*What the task requires*.
Repeat the records below exactly, from the first line through the line containing "Target: the box <box>421,192,498,239</box>", and leave out any pictures.
─── Data
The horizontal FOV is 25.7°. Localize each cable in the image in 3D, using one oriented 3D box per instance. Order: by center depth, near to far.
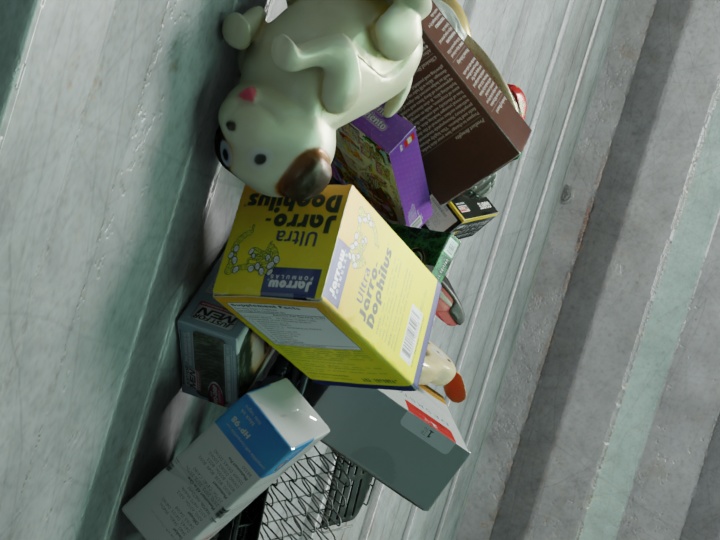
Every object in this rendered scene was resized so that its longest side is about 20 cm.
[{"bbox_3d":[-0.085,0.130,1.561,0.200,0.051,0.163,-60,178,-18],"label":"cable"}]

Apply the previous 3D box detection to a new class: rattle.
[{"bbox_3d":[0.076,0.049,1.631,0.200,0.130,0.143,28,90,-38],"label":"rattle"}]

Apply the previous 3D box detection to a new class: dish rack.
[{"bbox_3d":[-0.060,0.246,1.694,0.200,0.055,0.154,-9,128,-33],"label":"dish rack"}]

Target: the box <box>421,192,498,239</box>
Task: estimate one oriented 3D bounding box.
[{"bbox_3d":[0.073,-0.108,1.763,0.049,0.160,0.200,-40,172,15],"label":"box"}]

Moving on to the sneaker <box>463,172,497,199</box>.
[{"bbox_3d":[0.083,-0.164,1.703,0.074,0.200,0.087,-33,177,2],"label":"sneaker"}]

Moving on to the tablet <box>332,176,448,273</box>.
[{"bbox_3d":[0.034,-0.053,1.740,0.014,0.130,0.200,-52,164,-3],"label":"tablet"}]

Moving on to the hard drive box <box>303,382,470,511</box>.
[{"bbox_3d":[0.016,0.143,1.599,0.077,0.156,0.200,-53,-169,7],"label":"hard drive box"}]

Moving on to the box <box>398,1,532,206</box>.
[{"bbox_3d":[0.063,-0.174,1.511,0.100,0.200,0.075,-33,-170,28],"label":"box"}]

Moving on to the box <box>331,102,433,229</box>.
[{"bbox_3d":[0.000,-0.120,1.491,0.039,0.137,0.200,-47,161,-11],"label":"box"}]

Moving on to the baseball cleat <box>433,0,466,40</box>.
[{"bbox_3d":[0.068,-0.199,1.623,0.070,0.106,0.200,-147,-140,-68],"label":"baseball cleat"}]

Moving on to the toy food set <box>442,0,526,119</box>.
[{"bbox_3d":[0.110,-0.202,1.732,0.049,0.200,0.198,-37,161,-21],"label":"toy food set"}]

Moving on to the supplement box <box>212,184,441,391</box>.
[{"bbox_3d":[-0.024,0.017,1.377,0.200,0.109,0.110,46,53,-54],"label":"supplement box"}]

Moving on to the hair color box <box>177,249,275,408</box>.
[{"bbox_3d":[-0.096,0.020,1.451,0.099,0.061,0.200,93,21,-46],"label":"hair color box"}]

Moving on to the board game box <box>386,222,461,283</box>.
[{"bbox_3d":[0.000,0.000,1.542,0.023,0.200,0.105,43,68,-40],"label":"board game box"}]

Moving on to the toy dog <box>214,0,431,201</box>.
[{"bbox_3d":[-0.045,-0.155,1.302,0.200,0.139,0.194,-55,154,-15],"label":"toy dog"}]

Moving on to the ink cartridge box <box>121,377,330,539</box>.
[{"bbox_3d":[-0.132,0.189,1.404,0.200,0.067,0.116,-43,172,13],"label":"ink cartridge box"}]

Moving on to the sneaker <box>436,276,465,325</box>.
[{"bbox_3d":[0.023,0.004,1.679,0.087,0.200,0.074,-48,-165,10],"label":"sneaker"}]
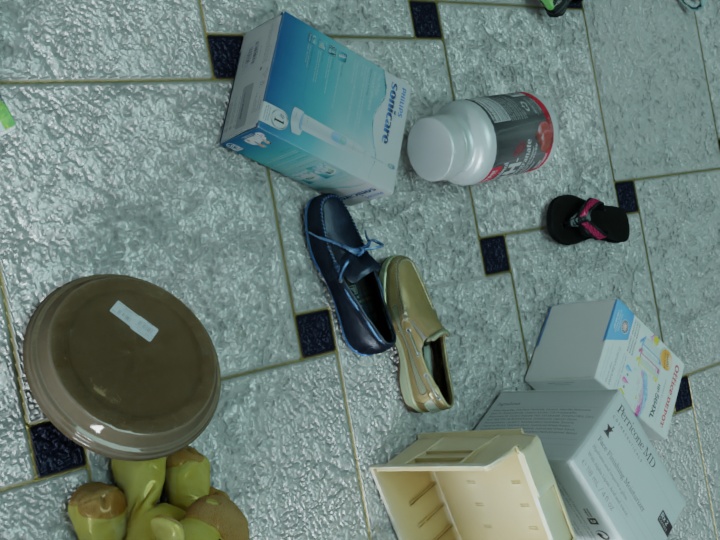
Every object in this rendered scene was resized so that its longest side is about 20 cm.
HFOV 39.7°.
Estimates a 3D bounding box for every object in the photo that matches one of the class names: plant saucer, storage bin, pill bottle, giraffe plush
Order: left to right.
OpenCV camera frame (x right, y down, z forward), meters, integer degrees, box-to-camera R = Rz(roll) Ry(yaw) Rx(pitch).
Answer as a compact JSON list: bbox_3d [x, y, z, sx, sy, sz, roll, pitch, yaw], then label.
[{"bbox_3d":[-0.222,0.085,0.964,0.200,0.029,0.201,20,48,-25],"label":"plant saucer"},{"bbox_3d":[-0.175,0.258,0.937,0.172,0.162,0.200,34,63,-31],"label":"giraffe plush"},{"bbox_3d":[0.159,-0.172,1.312,0.200,0.111,0.111,-15,93,-39],"label":"pill bottle"},{"bbox_3d":[0.142,0.297,1.171,0.094,0.198,0.201,-29,101,-42],"label":"storage bin"}]

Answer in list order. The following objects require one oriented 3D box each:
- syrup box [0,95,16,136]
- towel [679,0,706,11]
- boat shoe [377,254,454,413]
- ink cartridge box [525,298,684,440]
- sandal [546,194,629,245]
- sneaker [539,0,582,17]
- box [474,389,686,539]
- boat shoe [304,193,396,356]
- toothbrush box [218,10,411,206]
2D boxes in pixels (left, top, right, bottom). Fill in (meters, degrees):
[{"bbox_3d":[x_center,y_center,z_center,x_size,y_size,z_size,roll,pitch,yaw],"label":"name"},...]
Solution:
[{"bbox_3d":[-0.398,-0.194,0.877,0.079,0.081,0.200,-36,107,-38],"label":"syrup box"},{"bbox_3d":[0.570,-0.580,1.752,0.200,0.048,0.171,48,58,-24],"label":"towel"},{"bbox_3d":[0.079,0.075,1.230,0.072,0.076,0.201,-18,95,-39],"label":"boat shoe"},{"bbox_3d":[0.356,0.150,1.414,0.200,0.125,0.129,38,61,-28],"label":"ink cartridge box"},{"bbox_3d":[0.351,-0.077,1.497,0.200,0.045,0.075,0,83,-39],"label":"sandal"},{"bbox_3d":[0.321,-0.455,1.525,0.200,0.077,0.084,-48,130,-30],"label":"sneaker"},{"bbox_3d":[0.268,0.266,1.276,0.131,0.200,0.199,-47,112,-33],"label":"box"},{"bbox_3d":[0.000,0.000,1.181,0.084,0.069,0.200,-32,103,-38],"label":"boat shoe"},{"bbox_3d":[-0.047,-0.182,1.160,0.200,0.085,0.147,21,69,-35],"label":"toothbrush box"}]
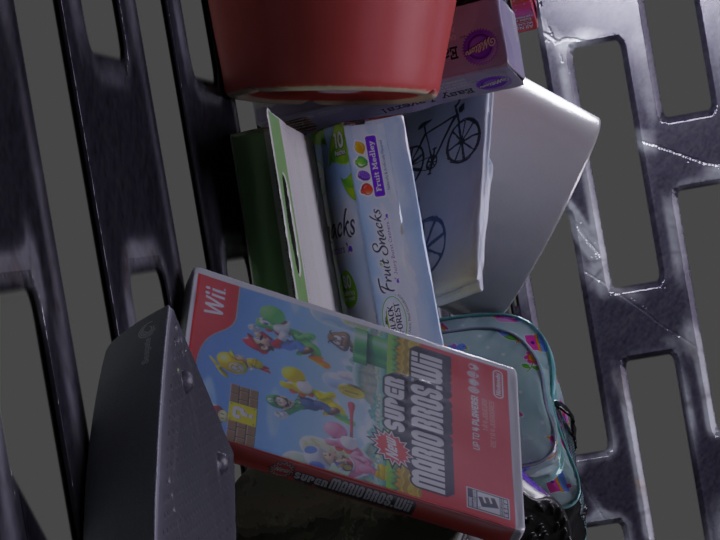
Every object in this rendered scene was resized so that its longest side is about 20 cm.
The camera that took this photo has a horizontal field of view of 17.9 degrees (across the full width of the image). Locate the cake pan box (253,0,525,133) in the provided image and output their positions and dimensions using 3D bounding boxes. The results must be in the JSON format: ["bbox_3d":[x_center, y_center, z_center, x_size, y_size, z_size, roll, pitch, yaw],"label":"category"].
[{"bbox_3d":[0.013,-0.202,1.608,0.052,0.199,0.185,26,55,-69],"label":"cake pan box"}]

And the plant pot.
[{"bbox_3d":[-0.018,-0.201,1.500,0.200,0.200,0.178,3,86,-81],"label":"plant pot"}]

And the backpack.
[{"bbox_3d":[0.081,0.125,1.787,0.200,0.175,0.154,-97,176,-45],"label":"backpack"}]

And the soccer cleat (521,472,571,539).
[{"bbox_3d":[0.092,0.162,1.667,0.073,0.068,0.200,44,-5,47],"label":"soccer cleat"}]

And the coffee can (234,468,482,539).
[{"bbox_3d":[0.012,0.207,1.321,0.147,0.146,0.200,-89,166,-51],"label":"coffee can"}]

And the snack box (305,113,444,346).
[{"bbox_3d":[0.000,0.000,1.603,0.142,0.053,0.201,169,-89,-67],"label":"snack box"}]

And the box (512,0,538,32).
[{"bbox_3d":[0.029,-0.229,1.750,0.100,0.199,0.096,-92,166,-44],"label":"box"}]

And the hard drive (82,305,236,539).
[{"bbox_3d":[-0.091,0.131,1.067,0.135,0.042,0.200,72,12,-46],"label":"hard drive"}]

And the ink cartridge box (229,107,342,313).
[{"bbox_3d":[-0.053,-0.022,1.480,0.200,0.048,0.146,14,66,-81],"label":"ink cartridge box"}]

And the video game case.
[{"bbox_3d":[-0.006,0.073,1.255,0.143,0.199,0.017,-88,-161,-55],"label":"video game case"}]

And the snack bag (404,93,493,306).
[{"bbox_3d":[0.037,-0.056,1.692,0.021,0.188,0.201,20,63,-32],"label":"snack bag"}]

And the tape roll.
[{"bbox_3d":[0.090,-0.069,1.879,0.203,0.139,0.203,-62,-177,5],"label":"tape roll"}]
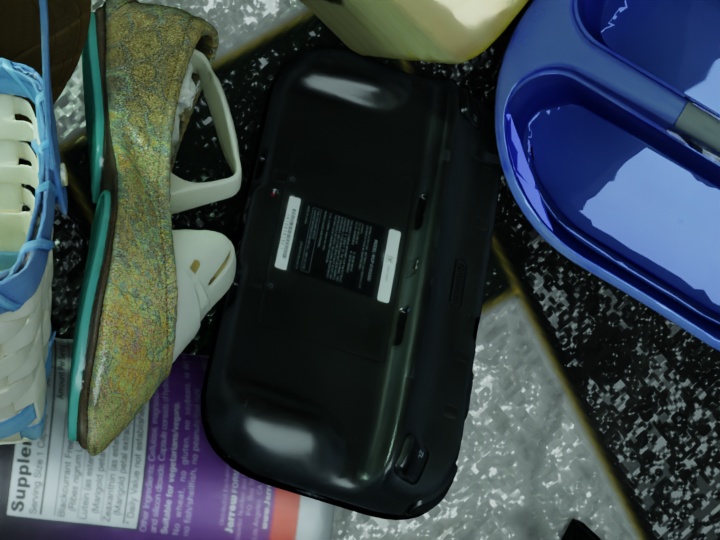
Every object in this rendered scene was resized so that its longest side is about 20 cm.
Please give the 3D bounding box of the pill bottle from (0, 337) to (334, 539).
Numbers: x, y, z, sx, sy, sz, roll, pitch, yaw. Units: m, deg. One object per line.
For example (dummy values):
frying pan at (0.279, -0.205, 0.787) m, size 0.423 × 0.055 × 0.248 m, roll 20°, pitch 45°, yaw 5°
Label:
pill bottle at (-0.116, 0.084, 0.896) m, size 0.199 × 0.111 × 0.112 m, roll 7°, pitch 97°, yaw -11°

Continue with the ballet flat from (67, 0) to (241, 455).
ballet flat at (-0.078, -0.022, 0.865) m, size 0.070 × 0.071 × 0.201 m, roll 5°, pitch 56°, yaw -11°

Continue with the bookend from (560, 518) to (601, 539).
bookend at (0.140, 0.248, 0.978) m, size 0.199 × 0.092 × 0.200 m, roll 28°, pitch 93°, yaw -14°

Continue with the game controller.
game controller at (0.000, 0.000, 0.894) m, size 0.104 × 0.042 × 0.201 m, roll 14°, pitch 58°, yaw -5°

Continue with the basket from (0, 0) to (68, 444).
basket at (-0.188, -0.028, 0.776) m, size 0.175 × 0.140 × 0.201 m, roll -5°, pitch 137°, yaw -3°

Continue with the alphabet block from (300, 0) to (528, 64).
alphabet block at (0.010, -0.214, 0.828) m, size 0.200 × 0.195 × 0.197 m, roll 42°, pitch 88°, yaw -12°

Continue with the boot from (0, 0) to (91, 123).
boot at (-0.176, -0.148, 0.862) m, size 0.073 × 0.201 × 0.155 m, roll -31°, pitch 64°, yaw -29°

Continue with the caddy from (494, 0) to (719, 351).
caddy at (0.149, -0.048, 0.905) m, size 0.199 × 0.105 × 0.142 m, roll 31°, pitch 93°, yaw 3°
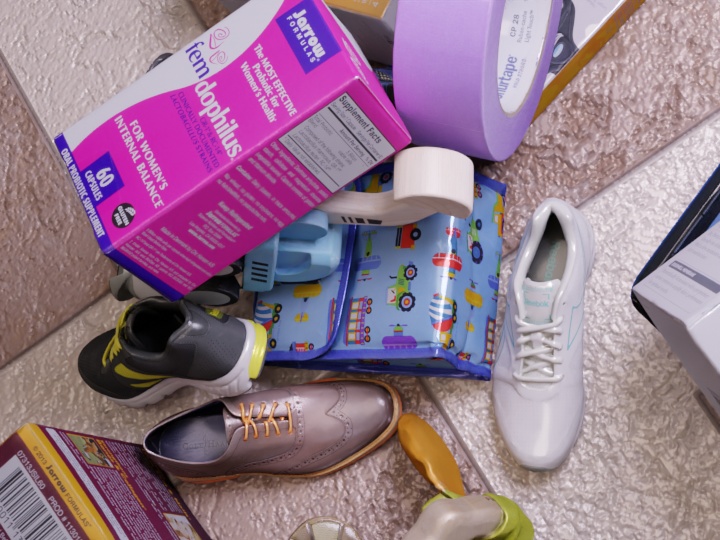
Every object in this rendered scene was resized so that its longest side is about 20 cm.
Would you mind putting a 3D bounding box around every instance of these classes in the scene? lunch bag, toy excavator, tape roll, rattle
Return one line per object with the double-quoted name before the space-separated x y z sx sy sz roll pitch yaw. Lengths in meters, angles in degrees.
"lunch bag" 0.000 0.000 1.133 0.199 0.094 0.152 -1 75 30
"toy excavator" -0.030 -0.044 1.064 0.198 0.195 0.101 3 71 -6
"tape roll" 0.087 -0.180 1.035 0.065 0.200 0.202 13 82 17
"rattle" 0.028 0.228 1.075 0.142 0.130 0.201 32 114 30

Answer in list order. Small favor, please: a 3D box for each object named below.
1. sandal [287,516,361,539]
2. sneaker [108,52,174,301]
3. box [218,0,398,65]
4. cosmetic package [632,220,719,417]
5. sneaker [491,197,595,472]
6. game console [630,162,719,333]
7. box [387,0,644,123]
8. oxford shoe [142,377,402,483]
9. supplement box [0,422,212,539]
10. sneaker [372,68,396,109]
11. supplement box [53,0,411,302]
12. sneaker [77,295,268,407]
──────
*Task output*.
The horizontal FOV is 25.7°. Localize each cable in the image in 3D, using one oriented 3D box per instance. Order: by center depth, near to far.
Every object in this rendered scene was resized so that its longest side is about 20 cm.
[{"bbox_3d":[-0.085,0.130,1.561,0.200,0.051,0.163,-60,178,-18],"label":"cable"}]

Apply the previous 3D box detection to a new class: rattle.
[{"bbox_3d":[0.076,0.049,1.631,0.200,0.130,0.143,28,90,-38],"label":"rattle"}]

Apply the previous 3D box detection to a new class: dish rack.
[{"bbox_3d":[-0.060,0.246,1.694,0.200,0.055,0.154,-9,128,-33],"label":"dish rack"}]

Target: the box <box>421,192,498,239</box>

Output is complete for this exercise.